**Directions for this task**. Repeat each entry as written and leave the images out of the copy.

= = = =

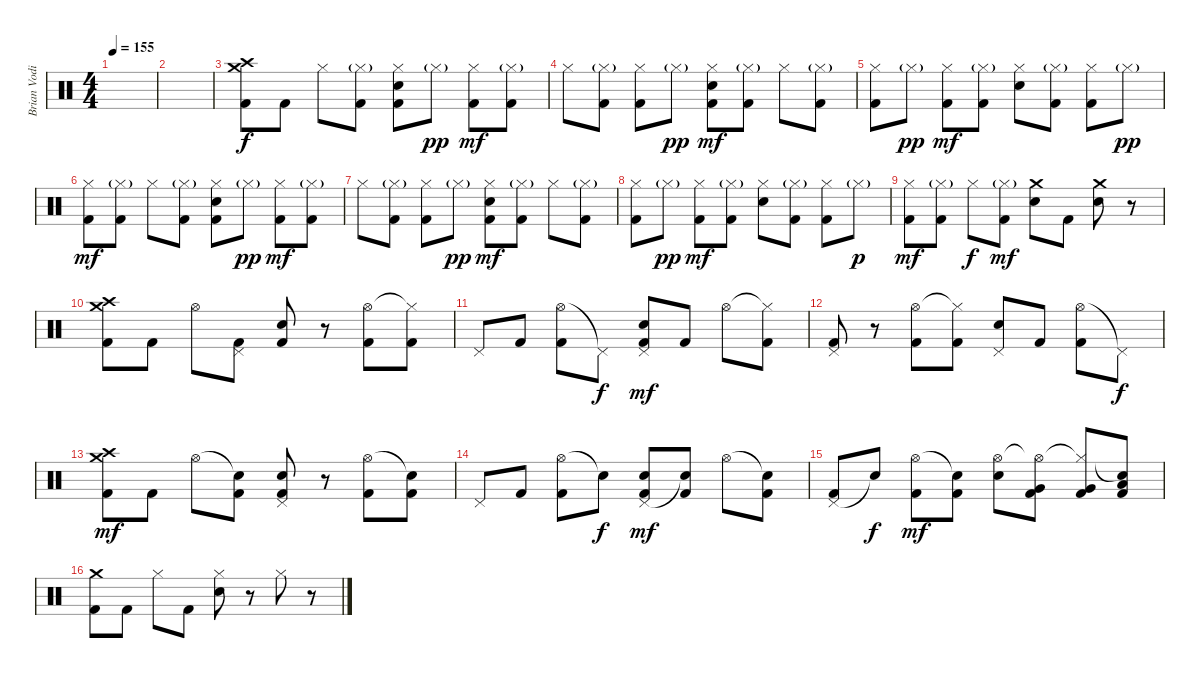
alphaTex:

\track ("Brian Vodinh" "Brian Vodi") {instrument percussion}
\staff {score}
\articulation defaults
\ts (4 4)
\tempo 155
\clef neutral
\ks c
|
|
("Crash high (hit)" "Crash medium (hit)" "Kick (hit) 2").8 "Kick (hit) 2".8 "Hi-Hat (closed)".8 ("Hi-Hat (closed)"{g} "Kick (hit) 2").8 ("Hi-Hat (closed)" "Electric Snare (hit)" "Kick (hit) 2").8 "Hi-Hat (closed)"{g}.8{dy pp} ("Hi-Hat (closed)" "Kick (hit) 2").8{dy mf} ("Hi-Hat (closed)"{g} "Kick (hit) 2").8 |
"Hi-Hat (closed)".8 ("Hi-Hat (closed)"{g} "Kick (hit) 2").8 ("Hi-Hat (closed)" "Kick (hit) 2").8 "Hi-Hat (closed)"{g}.8{dy pp} ("Hi-Hat (closed)" "Electric Snare (hit)" "Kick (hit) 2").8{dy mf} ("Hi-Hat (closed)"{g} "Kick (hit) 2").8 "Hi-Hat (closed)".8 ("Hi-Hat (closed)"{g} "Kick (hit) 2").8 |
("Hi-Hat (closed)" "Kick (hit) 2").8 "Hi-Hat (closed)"{g}.8{dy pp} ("Hi-Hat (closed)" "Kick (hit) 2").8{dy mf} ("Hi-Hat (closed)"{g} "Kick (hit) 2").8 ("Hi-Hat (closed)" "Electric Snare (hit)").8 ("Hi-Hat (closed)"{g} "Kick (hit) 2").8 ("Hi-Hat (closed)" "Kick (hit) 2").8 "Hi-Hat (closed)"{g}.8{dy pp} |
("Hi-Hat (closed)" "Kick (hit) 2").8{dy mf} ("Hi-Hat (closed)"{g} "Kick (hit) 2").8 "Hi-Hat (closed)".8 ("Hi-Hat (closed)"{g} "Kick (hit) 2").8 ("Hi-Hat (closed)" "Electric Snare (hit)" "Kick (hit) 2").8 "Hi-Hat (closed)"{g}.8{dy pp} ("Hi-Hat (closed)" "Kick (hit) 2").8{dy mf} ("Hi-Hat (closed)"{g} "Kick (hit) 2").8 |
"Hi-Hat (closed)".8 ("Hi-Hat (closed)"{g} "Kick (hit) 2").8 ("Hi-Hat (closed)" "Kick (hit) 2").8 "Hi-Hat (closed)"{g}.8{dy pp} ("Hi-Hat (closed)" "Electric Snare (hit)" "Kick (hit) 2").8{dy mf} ("Hi-Hat (closed)"{g} "Kick (hit) 2").8 "Hi-Hat (closed)".8 ("Hi-Hat (closed)"{g} "Kick (hit) 2").8 |
("Hi-Hat (closed)" "Kick (hit) 2").8 "Hi-Hat (closed)"{g}.8{dy pp} ("Hi-Hat (closed)" "Kick (hit) 2").8{dy mf} ("Hi-Hat (closed)"{g} "Kick (hit) 2").8 ("Hi-Hat (closed)" "Electric Snare (hit)").8 ("Hi-Hat (closed)"{g} "Kick (hit) 2").8 ("Hi-Hat (closed)" "Kick (hit) 2").8 "Hi-Hat (closed)"{g}.8{dy p} |
("Hi-Hat (closed)" "Kick (hit) 2").8{dy mf} ("Hi-Hat (closed)"{g} "Kick (hit) 2").8 "Hi-Hat (closed)".8{dy f} ("Hi-Hat (closed)"{g} "Kick (hit) 2").8{dy mf} ("Crash medium (hit)" "Electric Snare (hit)").8 "Kick (hit) 2".8 ("Crash medium (hit)" "Electric Snare (hit)").8 r.8 |
("Crash high (hit)" "Crash medium (hit)" "Kick (hit) 2").8 "Kick (hit) 2".8 "Hi-Hat (open)".8 ("Pedal Hi-Hat (hit)" "Kick (hit) 2").8 ("Electric Snare (hit)" "Kick (hit) 2").8 r.8 ("Hi-Hat (open)" "Kick (hit) 2").8 ("Hi-Hat (closed)"{t} "Kick (hit) 2").8 |
"Pedal Hi-Hat (hit)".8 "Kick (hit) 2".8 ("Hi-Hat (open)" "Kick (hit) 2").8 "Pedal Hi-Hat (hit)"{t}.8{dy f} ("Pedal Hi-Hat (hit)" "Electric Snare (hit)" "Kick (hit) 2").8{dy mf} "Kick (hit) 2".8 "Hi-Hat (open)".8 ("Hi-Hat (closed)"{t} "Kick (hit) 2").8 |
("Pedal Hi-Hat (hit)" "Kick (hit) 2").8 r.8 ("Hi-Hat (open)" "Kick (hit) 2").8 ("Hi-Hat (closed)"{t} "Kick (hit) 2").8 ("Pedal Hi-Hat (hit)" "Electric Snare (hit)").8 "Kick (hit) 2".8 ("Hi-Hat (open)" "Kick (hit) 2").8 "Pedal Hi-Hat (hit)"{t}.8{dy f} |
("Crash medium (hit)" "Crash high (hit)" "Kick (hit) 2").8{dy mf} "Kick (hit) 2".8 "Hi-Hat (open)".8 ("Snare (hit)"{t} "Kick (hit) 2").8 ("Pedal Hi-Hat (hit)" "Electric Snare (hit)" "Kick (hit) 2").8 r.8 ("Hi-Hat (open)" "Kick (hit) 2").8 ("Snare (hit)"{t} "Kick (hit) 2").8 |
"Pedal Hi-Hat (hit)".8 "Kick (hit) 2".8 ("Hi-Hat (open)" "Kick (hit) 2").8 "Snare (hit)"{t}.8{dy f} ("Pedal Hi-Hat (hit)" "Electric Snare (hit)" "Kick (hit) 2").8{dy mf} ("Snare (hit)"{t} "Kick (hit) 2").8 "Hi-Hat (open)".8 ("Snare (hit)"{t} "Kick (hit) 2").8 |
("Pedal Hi-Hat (hit)" "Kick (hit) 2").8 "Snare (hit)"{t}.8{dy f} ("Hi-Hat (open)" "Kick (hit) 2").8{dy mf} ("Snare (hit)"{t} "Kick (hit) 2").8 ("Hi-Hat (open)" "Electric Snare (hit)").8 ("Hi-Hat (open)"{t} "Very Low Tom (hit)" "Kick (hit) 2").8 ("Hi-Hat (closed)"{t} "Very Low Tom (hit)" "Kick (hit) 2").8 ("Snare (hit)"{t} "Low Floor Tom (hit)" "Kick (hit) 2").8 |
("Crash medium (hit)" "Kick (hit) 2").8 "Kick (hit) 2".8 "Hi-Hat (closed)".8 "Kick (hit) 2".8 ("Hi-Hat (closed)" "Electric Snare (hit)").8 r.8 "Hi-Hat (closed)".8 r.8
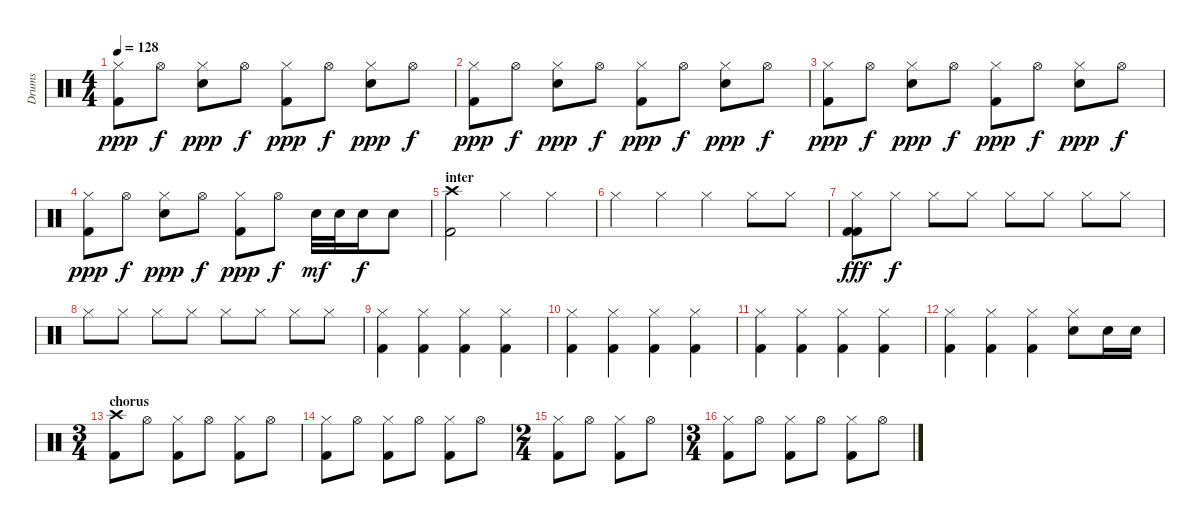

= = = =

**Result below**.
alphaTex:

\track ("Brian Vodinh" "Brian Vodi") {instrument percussion}
\staff {score}
\articulation defaults
\ts (4 4)
\tempo 155
\clef neutral
\ks c
|
|
("Crash high (hit)" "Crash medium (hit)" "Kick (hit) 2").8 "Kick (hit) 2".8 "Hi-Hat (closed)".8 ("Hi-Hat (closed)"{g} "Kick (hit) 2").8 ("Hi-Hat (closed)" "Electric Snare (hit)" "Kick (hit) 2").8 "Hi-Hat (closed)"{g}.8{dy pp} ("Hi-Hat (closed)" "Kick (hit) 2").8{dy mf} ("Hi-Hat (closed)"{g} "Kick (hit) 2").8 |
"Hi-Hat (closed)".8 ("Hi-Hat (closed)"{g} "Kick (hit) 2").8 ("Hi-Hat (closed)" "Kick (hit) 2").8 "Hi-Hat (closed)"{g}.8{dy pp} ("Hi-Hat (closed)" "Electric Snare (hit)" "Kick (hit) 2").8{dy mf} ("Hi-Hat (closed)"{g} "Kick (hit) 2").8 "Hi-Hat (closed)".8 ("Hi-Hat (closed)"{g} "Kick (hit) 2").8 |
("Hi-Hat (closed)" "Kick (hit) 2").8 "Hi-Hat (closed)"{g}.8{dy pp} ("Hi-Hat (closed)" "Kick (hit) 2").8{dy mf} ("Hi-Hat (closed)"{g} "Kick (hit) 2").8 ("Hi-Hat (closed)" "Electric Snare (hit)").8 ("Hi-Hat (closed)"{g} "Kick (hit) 2").8 ("Hi-Hat (closed)" "Kick (hit) 2").8 "Hi-Hat (closed)"{g}.8{dy pp} |
("Hi-Hat (closed)" "Kick (hit) 2").8{dy mf} ("Hi-Hat (closed)"{g} "Kick (hit) 2").8 "Hi-Hat (closed)".8 ("Hi-Hat (closed)"{g} "Kick (hit) 2").8 ("Hi-Hat (closed)" "Electric Snare (hit)" "Kick (hit) 2").8 "Hi-Hat (closed)"{g}.8{dy pp} ("Hi-Hat (closed)" "Kick (hit) 2").8{dy mf} ("Hi-Hat (closed)"{g} "Kick (hit) 2").8 |
"Hi-Hat (closed)".8 ("Hi-Hat (closed)"{g} "Kick (hit) 2").8 ("Hi-Hat (closed)" "Kick (hit) 2").8 "Hi-Hat (closed)"{g}.8{dy pp} ("Hi-Hat (closed)" "Electric Snare (hit)" "Kick (hit) 2").8{dy mf} ("Hi-Hat (closed)"{g} "Kick (hit) 2").8 "Hi-Hat (closed)".8 ("Hi-Hat (closed)"{g} "Kick (hit) 2").8 |
("Hi-Hat (closed)" "Kick (hit) 2").8 "Hi-Hat (closed)"{g}.8{dy pp} ("Hi-Hat (closed)" "Kick (hit) 2").8{dy mf} ("Hi-Hat (closed)"{g} "Kick (hit) 2").8 ("Hi-Hat (closed)" "Electric Snare (hit)").8 ("Hi-Hat (closed)"{g} "Kick (hit) 2").8 ("Hi-Hat (closed)" "Kick (hit) 2").8 "Hi-Hat (closed)"{g}.8{dy p} |
("Hi-Hat (closed)" "Kick (hit) 2").8{dy mf} ("Hi-Hat (closed)"{g} "Kick (hit) 2").8 "Hi-Hat (closed)".8{dy f} ("Hi-Hat (closed)"{g} "Kick (hit) 2").8{dy mf} ("Crash medium (hit)" "Electric Snare (hit)").8 "Kick (hit) 2".8 ("Crash medium (hit)" "Electric Snare (hit)").8 r.8 |
("Crash high (hit)" "Crash medium (hit)" "Kick (hit) 2").8 "Kick (hit) 2".8 "Hi-Hat (open)".8 ("Pedal Hi-Hat (hit)" "Kick (hit) 2").8 ("Electric Snare (hit)" "Kick (hit) 2").8 r.8 ("Hi-Hat (open)" "Kick (hit) 2").8 ("Hi-Hat (closed)"{t} "Kick (hit) 2").8 |
"Pedal Hi-Hat (hit)".8 "Kick (hit) 2".8 ("Hi-Hat (open)" "Kick (hit) 2").8 "Pedal Hi-Hat (hit)"{t}.8{dy f} ("Pedal Hi-Hat (hit)" "Electric Snare (hit)" "Kick (hit) 2").8{dy mf} "Kick (hit) 2".8 "Hi-Hat (open)".8 ("Hi-Hat (closed)"{t} "Kick (hit) 2").8 |
("Pedal Hi-Hat (hit)" "Kick (hit) 2").8 r.8 ("Hi-Hat (open)" "Kick (hit) 2").8 ("Hi-Hat (closed)"{t} "Kick (hit) 2").8 ("Pedal Hi-Hat (hit)" "Electric Snare (hit)").8 "Kick (hit) 2".8 ("Hi-Hat (open)" "Kick (hit) 2").8 "Pedal Hi-Hat (hit)"{t}.8{dy f} |
("Crash medium (hit)" "Crash high (hit)" "Kick (hit) 2").8{dy mf} "Kick (hit) 2".8 "Hi-Hat (open)".8 ("Snare (hit)"{t} "Kick (hit) 2").8 ("Pedal Hi-Hat (hit)" "Electric Snare (hit)" "Kick (hit) 2").8 r.8 ("Hi-Hat (open)" "Kick (hit) 2").8 ("Snare (hit)"{t} "Kick (hit) 2").8 |
"Pedal Hi-Hat (hit)".8 "Kick (hit) 2".8 ("Hi-Hat (open)" "Kick (hit) 2").8 "Snare (hit)"{t}.8{dy f} ("Pedal Hi-Hat (hit)" "Electric Snare (hit)" "Kick (hit) 2").8{dy mf} ("Snare (hit)"{t} "Kick (hit) 2").8 "Hi-Hat (open)".8 ("Snare (hit)"{t} "Kick (hit) 2").8 |
("Pedal Hi-Hat (hit)" "Kick (hit) 2").8 "Snare (hit)"{t}.8{dy f} ("Hi-Hat (open)" "Kick (hit) 2").8{dy mf} ("Snare (hit)"{t} "Kick (hit) 2").8 ("Hi-Hat (open)" "Electric Snare (hit)").8 ("Hi-Hat (open)"{t} "Very Low Tom (hit)" "Kick (hit) 2").8 ("Hi-Hat (closed)"{t} "Very Low Tom (hit)" "Kick (hit) 2").8 ("Snare (hit)"{t} "Low Floor Tom (hit)" "Kick (hit) 2").8 |
("Crash medium (hit)" "Kick (hit) 2").8 "Kick (hit) 2".8 "Hi-Hat (closed)".8 "Kick (hit) 2".8 ("Hi-Hat (closed)" "Electric Snare (hit)").8 r.8 "Hi-Hat (closed)".8 r.8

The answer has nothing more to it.